December’s Toronto and area residential marketplace exhausted all the superlatives that we would normally apply to a robust resale market. Not only was December’s housing market strong by historical standards, but it dramatically exceeded historic norms, performing more like a spring market than what we have come to expect of property sales during the holiday season. It’s almost as if the holiday season didn’t exist, and unfortunately, because of the restrictions imposed by the effects of Covid-19, normal retail shopping was non-existent. Deprived of retail shopping, it appears that buyers focused their attention on housing instead.
December saw 7,180 residential properties reported sold. That is an eye-popping 65 percent increase compared to the 4,364 properties reported sold last December. December 2019 was a very strong month. For example, only 3,746 properties were reported sold during December 2018. It’s not surprising that with this surge of sales, we also witnessed a surge in the average sale price. On a year-over-year basis, the average sale price for all properties sold in the greater Toronto area increased by more than 11 percent, from $838,662 last year to $932,222 this December.
No doubt this huge jump in average sale price was driven by the number of higher-priced properties that changed hands in December, normally a quiet month for luxury property transactions. In December, 287 properties having a sale price of $2 million or more were reported sold. That compares with only 125 last year, an increase of 130 percent. Not surprisingly more than 90 percent of those properties were detached single-family homes in the 416 and 905 regions.
December’s condominium apartment sales require extra attention. Both during the third and forth quarters of 2020 condominium apartment sales and prices declined, in some cases substantially, namely in Toronto’s central core, while inventory levels increased dramatically. In December, we saw a stunning resurgence of condominium apartment sales. In Toronto’s 416 region, sales increased by 80 percent compared to December 2019. In the 905 region condominium apartment sales were equally as strong, increasing by 75 percent. In the 416 region, there was no corresponding increase in average sale prices. In fact, quite the opposite: average sale prices declined by 5 percent. In Toronto’s central core, where most of the City’s apartment projects are located the decline was even steeper. Prices fell by almost 10 percent, from $733,000 in December 2019 to $669,000 this year. Central core condominium apartment sales accounted for almost 67 percent of the city of Toronto’s total condominium apartment sales. It should be noted that condominium apartment sales in the city’s eastern districts not only doubled, but average sale prices actually increased from $476,000 last year to $512,000, bucking the trend in the central core.
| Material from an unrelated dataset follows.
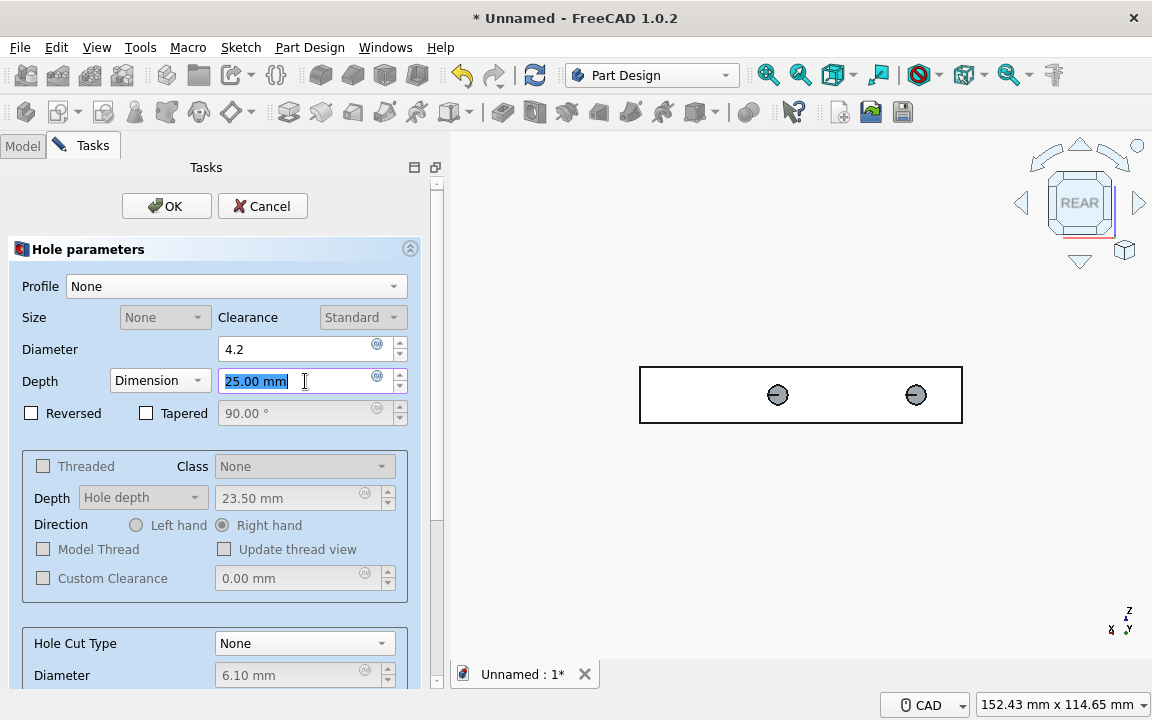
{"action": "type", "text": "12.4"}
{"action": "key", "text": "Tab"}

The increase in condominium apartment sales at lower average sale prices shifted the variance between average sale prices overall between the 416 and 905 regions. Before December the average sale price in the 905 was always less than the 416. Not this year. The average sale price for the greater Toronto area came in at $932,000. It was 4 percent less in the city of Toronto ($894,000), all as a result of the massive increase of condominium apartment sales at sharply falling prices.
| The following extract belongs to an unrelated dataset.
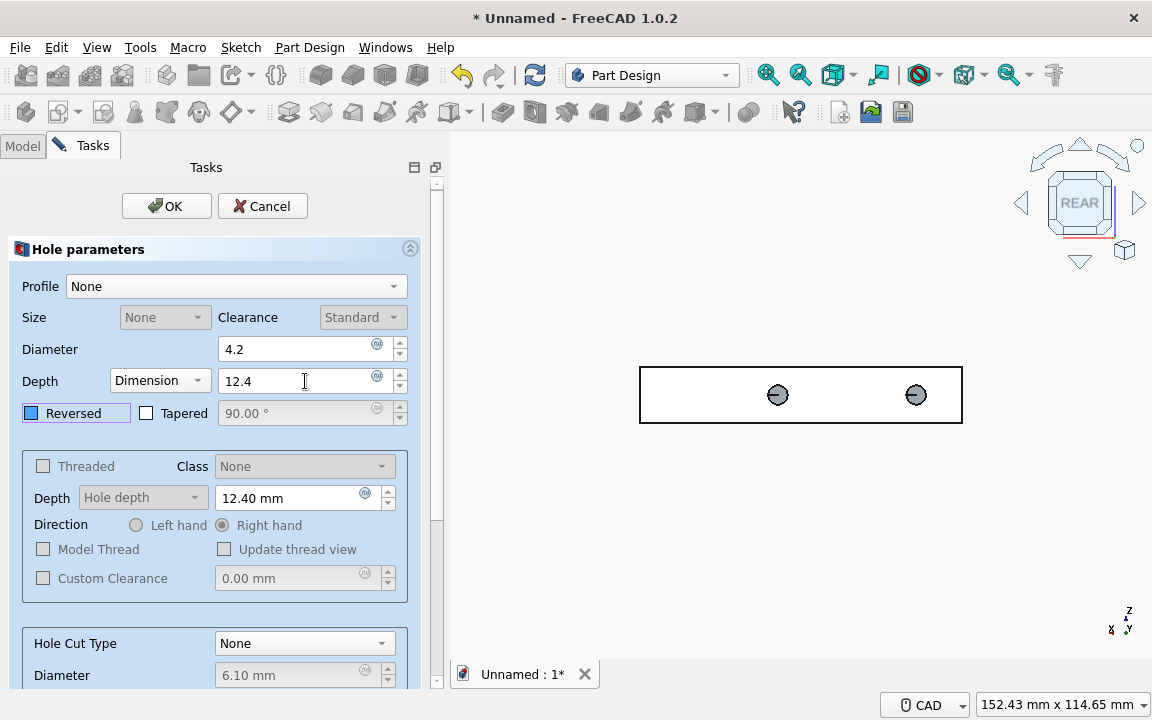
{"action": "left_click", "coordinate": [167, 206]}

It will be interesting to see if December’s condominium apartment sales were a market anomaly. It may be that the more affordable prices have overcome buyer’s need for space and safety. This phenomenon might also be driven by the fact that prices in the 905 region have risen to prohibitive levels.
Having said that sales of ground level properties, detached, semi-detached and townhouses were robust both in the 416 and 905 regions. Price increases in the 905 eclipsed price increases achieved in the 416 region. Interestingly even condominium apartment average sale prices increased by over 6 percent in the 905 region, a stark contrast to what we witnessed in Toronto’s central core.
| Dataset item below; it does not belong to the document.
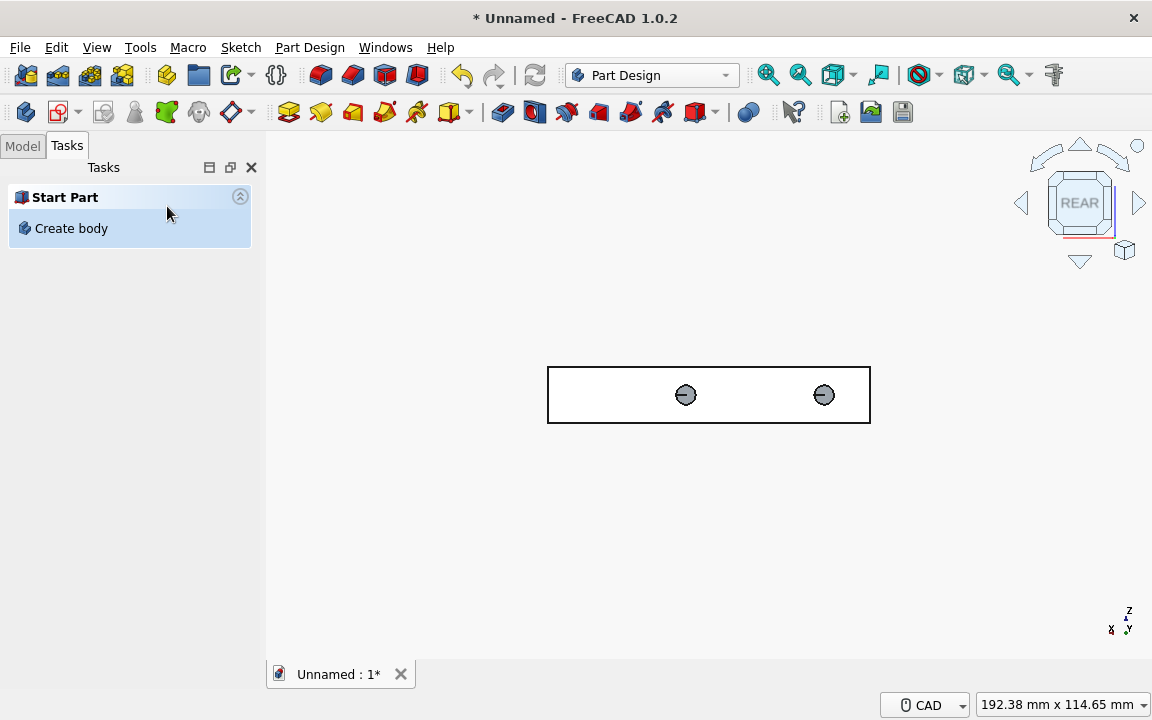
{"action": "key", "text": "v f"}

Overall, more than 95,000 properties were reported sold in 2020, a 9 percent increase compared to the 87,751 properties reported sold last year. Notwithstanding the unprecedented socio-economic upheaval experienced universally in 2020 as a result of the pandemic, the Toronto and area resale market results were the third best on record. An extraordinary accomplishment!
Looking at 2021 the economic factors that drove the 2020 housing market remain in place. The key factors are exceptionally low mortgage interest rates, government stimulus, and a roaring stock market. With interest rates as low as they are, asset acquisitions will continue to drive the housing market. It is impossible to see a change in this scenario until borrowing money becomes substantially more expensive than what it is at the beginning of 2021.